I was fortunate to see and photograph Wayne Gardner at Oran Park in November 1976 (his first-ever road race meeting) and followed his career from that point onwards. Needless to say that, as a person who spent a great deal of their life living in the Illawarra, Wayne was my “local boy makes good” hero too. Despite the bad press that he attracts, especially locally (“a prophet is without praise in his own country”) he and I remain close friends and, whenever our paths cross, talk quickly turns to the “good days” of racing a TZ350 out of the back of a decrepit Holden ute!
Little was I to know that, just around the corner, my all-time, greatest road racing hero, was just waiting to burst onto the world stage. Louisiana-born and raised, Freddie (“FAST Freddie”) Spencer was, until the advent of Marc Marquez, the most meteoric star to appear on the world stage. He broke every record possible and lowered the colours of The “King” Kenny Roberts to win Honda’s first-ever 500cc World Championship. It wasn’t just the fact that he did it on a Honda that mattered, it was the WAY that he did it. Spencer re-wrote the textbook on motorcycle dynamics and physics, doing, with apparent ease, things on a bike that nobody had dared to try before. Listening to him explain how he DID this is even more difficult to grasp than actually watching him do it. In the opinion of most experts of the day, Spencer went faster on cold tyres than any rider before and few riders since.
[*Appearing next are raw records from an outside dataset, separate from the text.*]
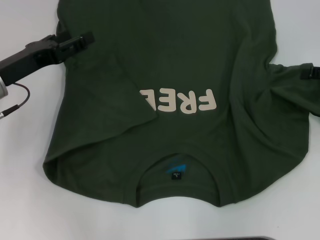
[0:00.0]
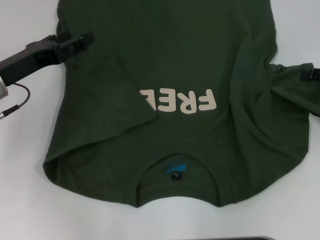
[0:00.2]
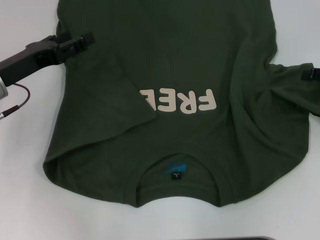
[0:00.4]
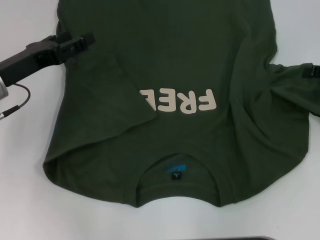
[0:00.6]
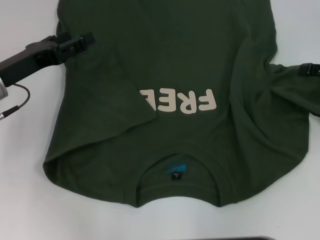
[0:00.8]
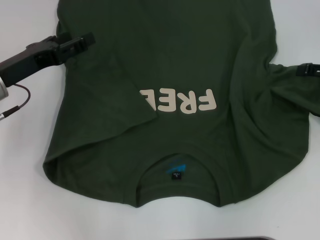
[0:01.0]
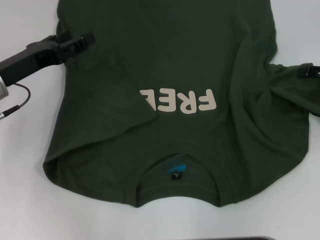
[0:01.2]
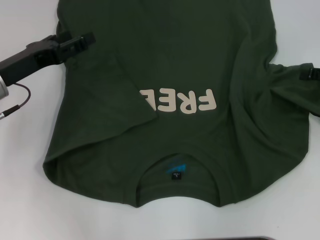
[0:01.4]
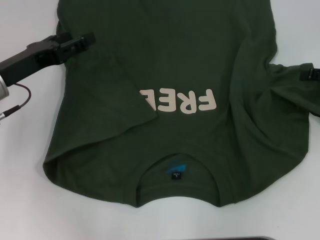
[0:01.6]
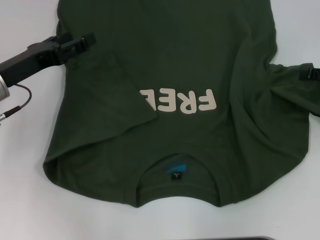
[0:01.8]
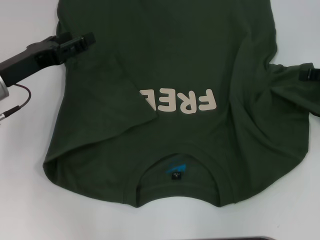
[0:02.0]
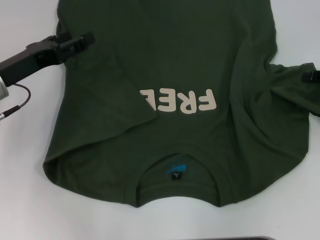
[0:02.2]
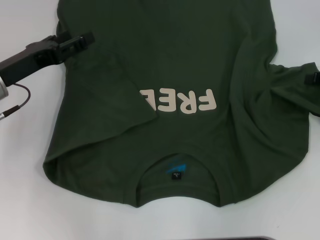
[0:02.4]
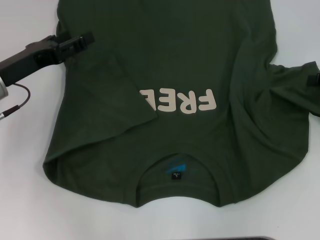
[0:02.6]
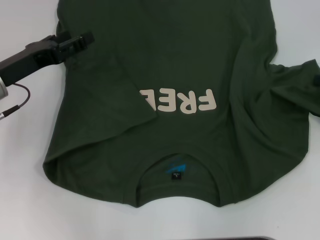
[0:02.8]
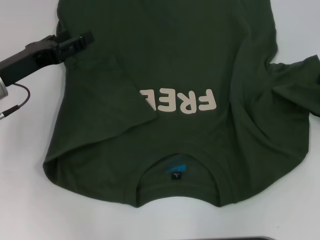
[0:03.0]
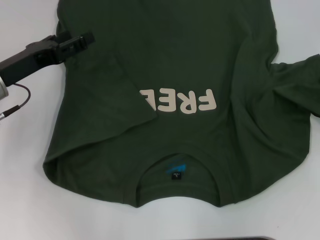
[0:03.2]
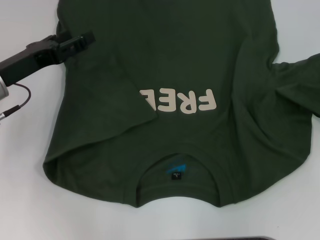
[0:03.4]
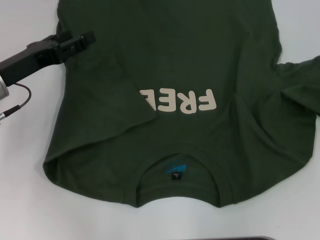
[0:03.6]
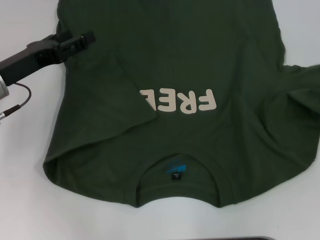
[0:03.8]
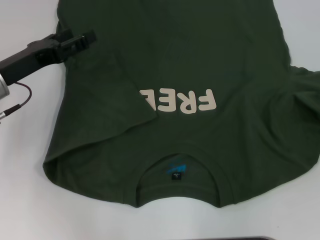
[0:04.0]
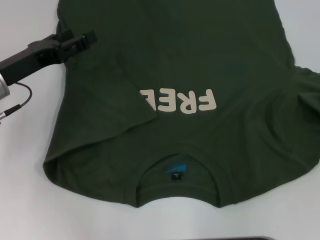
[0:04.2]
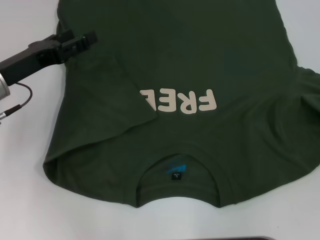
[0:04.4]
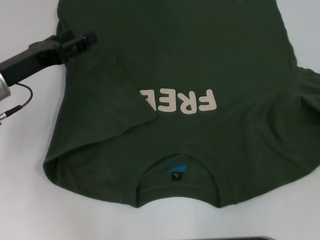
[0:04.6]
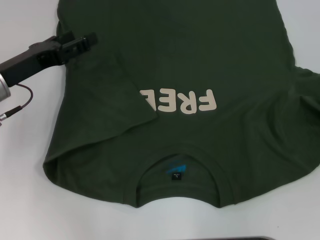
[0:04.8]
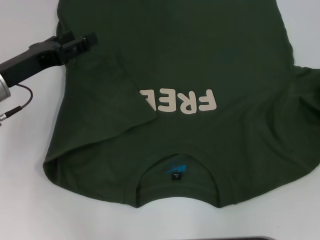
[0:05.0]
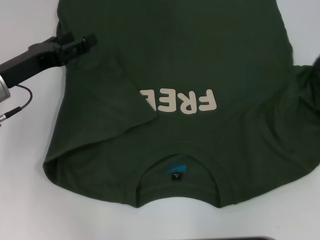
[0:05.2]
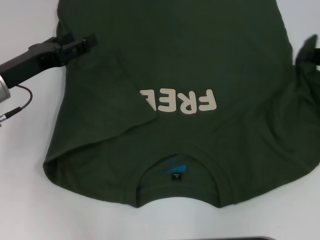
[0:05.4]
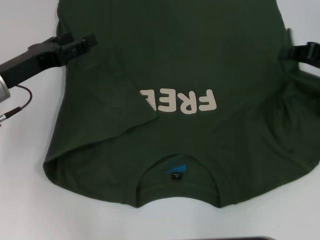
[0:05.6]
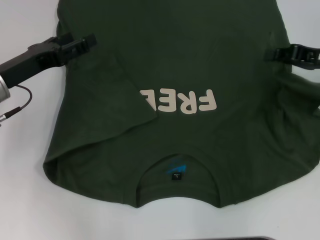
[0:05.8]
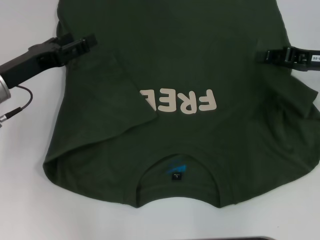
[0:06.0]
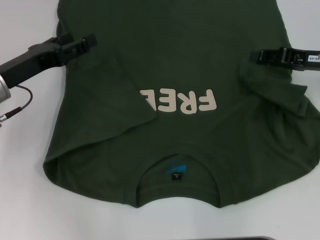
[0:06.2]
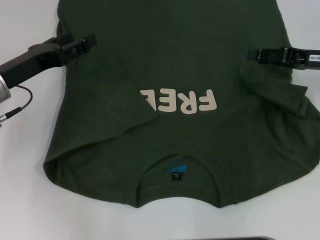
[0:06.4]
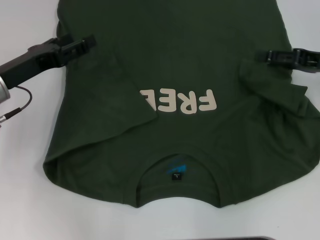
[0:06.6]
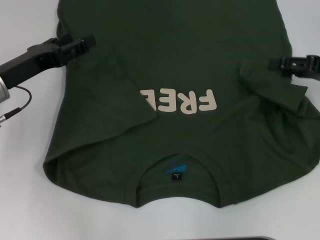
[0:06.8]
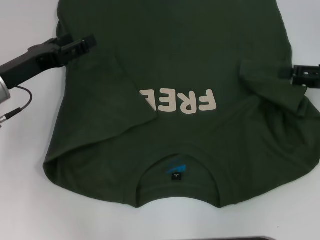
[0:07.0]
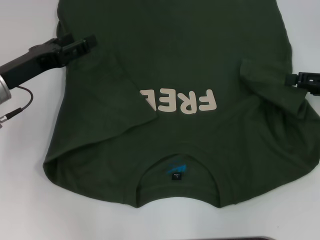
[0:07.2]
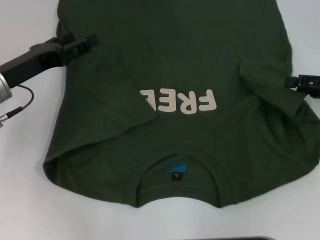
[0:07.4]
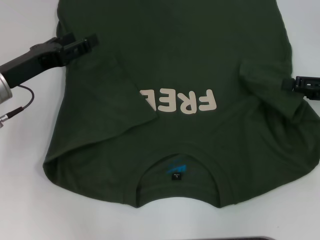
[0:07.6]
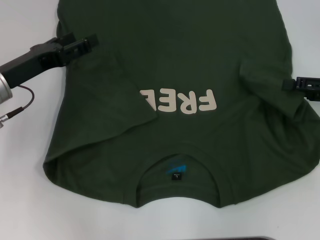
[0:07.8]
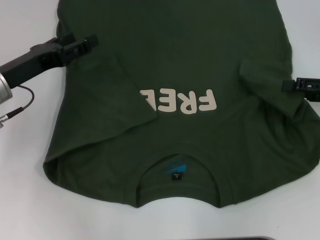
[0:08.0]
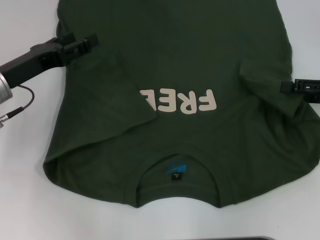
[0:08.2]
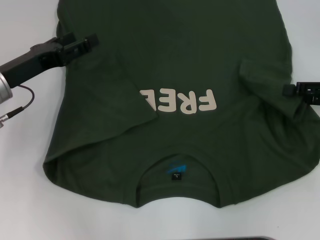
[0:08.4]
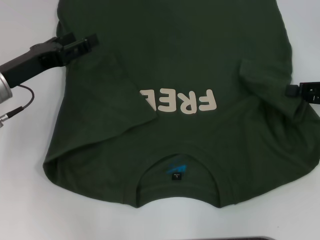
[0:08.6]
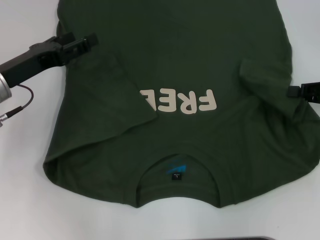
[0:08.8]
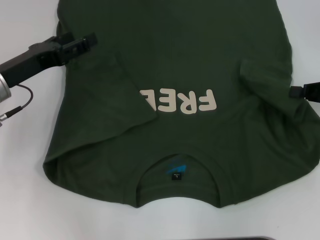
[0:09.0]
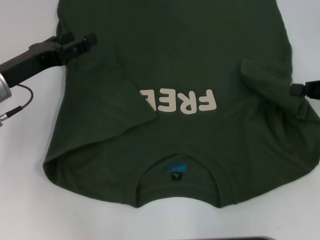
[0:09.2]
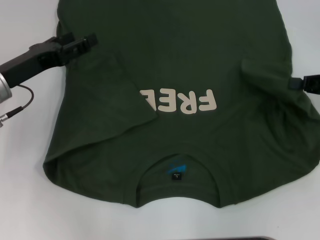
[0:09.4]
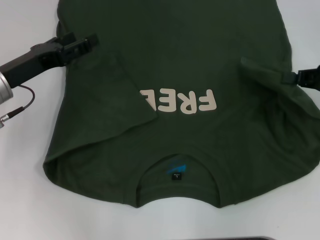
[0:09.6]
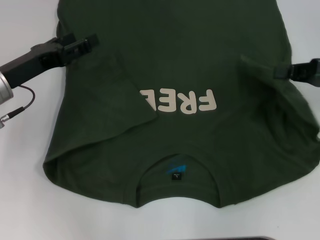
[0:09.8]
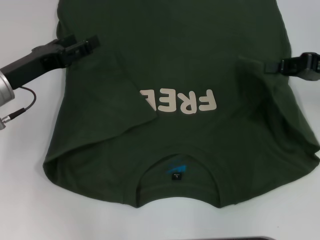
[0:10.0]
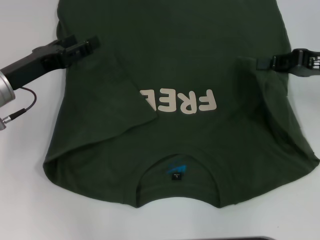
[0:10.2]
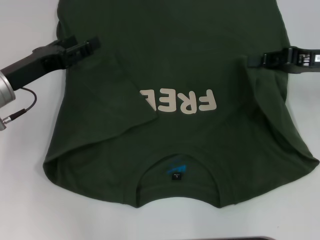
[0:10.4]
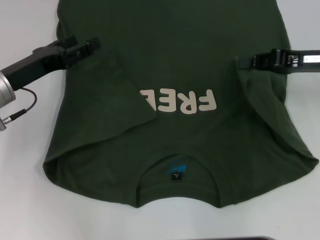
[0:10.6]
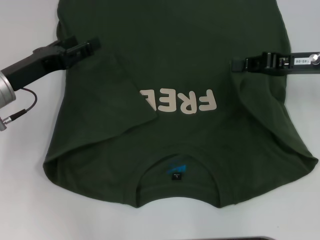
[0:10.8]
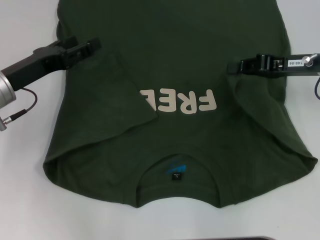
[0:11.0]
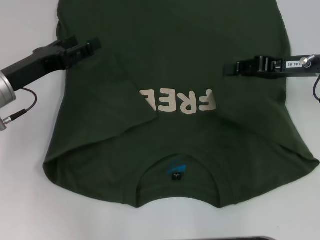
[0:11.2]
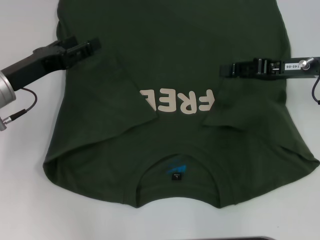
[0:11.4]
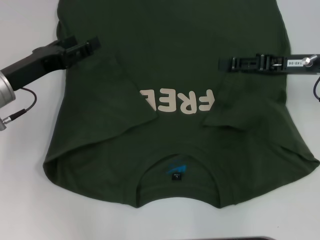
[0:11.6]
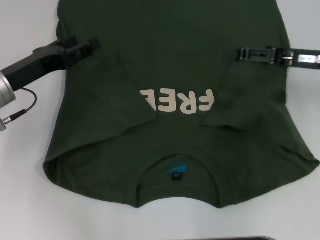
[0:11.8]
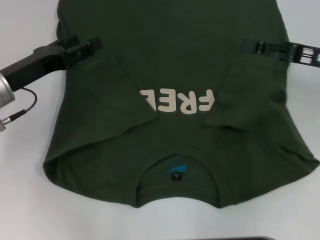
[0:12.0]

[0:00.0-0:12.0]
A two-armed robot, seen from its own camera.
Step, 0:00.0 to 0:11.8: Fold the bottom right sleeve with your right hand.
0:00.0 to 0:01.6: The two grippers keep their place.
0:03.0 to 0:04.4: The right gripper moves about 5 cm.
0:04.4 to 0:06.0: The right gripper goes roughly 15 cm to the left and forward.
0:06.0 to 0:07.6: The right gripper moves backward and to the right, roughly 5 cm, and opens its fingers.
0:09.0 to 0:10.4: The right gripper heads to the left, covering some 5 cm.
0:10.4 to 0:12.0: The right gripper opens its fingers.

If you can get off the line and back it into the first few corners while the rest of the field is “babying” their tyres, you are going to have a HUGE gap on the rest of the field after just a few laps and that is exactly what he did.
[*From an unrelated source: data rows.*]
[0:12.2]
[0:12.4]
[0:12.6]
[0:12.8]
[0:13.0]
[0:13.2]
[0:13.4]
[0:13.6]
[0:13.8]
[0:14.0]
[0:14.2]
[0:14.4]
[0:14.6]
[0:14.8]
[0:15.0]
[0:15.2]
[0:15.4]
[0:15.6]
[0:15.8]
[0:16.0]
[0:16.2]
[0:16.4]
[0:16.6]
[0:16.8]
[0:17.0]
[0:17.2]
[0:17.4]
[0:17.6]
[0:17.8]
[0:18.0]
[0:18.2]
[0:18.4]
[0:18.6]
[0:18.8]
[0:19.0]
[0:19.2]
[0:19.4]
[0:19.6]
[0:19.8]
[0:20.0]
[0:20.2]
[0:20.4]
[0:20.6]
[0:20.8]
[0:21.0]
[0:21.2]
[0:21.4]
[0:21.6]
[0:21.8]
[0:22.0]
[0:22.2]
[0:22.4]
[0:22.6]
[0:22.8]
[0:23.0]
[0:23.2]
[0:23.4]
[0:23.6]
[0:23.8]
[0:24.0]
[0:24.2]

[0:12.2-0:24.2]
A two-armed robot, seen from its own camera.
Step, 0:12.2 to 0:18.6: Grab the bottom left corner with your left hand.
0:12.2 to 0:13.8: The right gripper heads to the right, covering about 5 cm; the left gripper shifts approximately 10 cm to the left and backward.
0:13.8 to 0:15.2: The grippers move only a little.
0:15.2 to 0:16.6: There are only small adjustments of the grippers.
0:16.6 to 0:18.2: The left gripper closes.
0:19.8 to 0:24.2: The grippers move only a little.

That was 30 years ago. Marquez has broken most of Freddie’s records now, but it doesn’t matter. To the true believers, Spencer is still in a different universe and will remain that way.
Now, what about villains, you might be asking? Well, there aren’t really any. Oh there have been a few who have pulled the occasional dodgy move; Lorenzo got himself banned back in the 250 days and Loris Capirossi’s 250 title is forever tainted, in my opinion, by the means whereby he achieved it. A very famous rider recently earned my contempt through the use of come very questionable tactics, but the fact is that, every last one of them gets out there on the track and does things that elevate them far above what I could HOPE to do, let alone achieve. They are ALL heroes.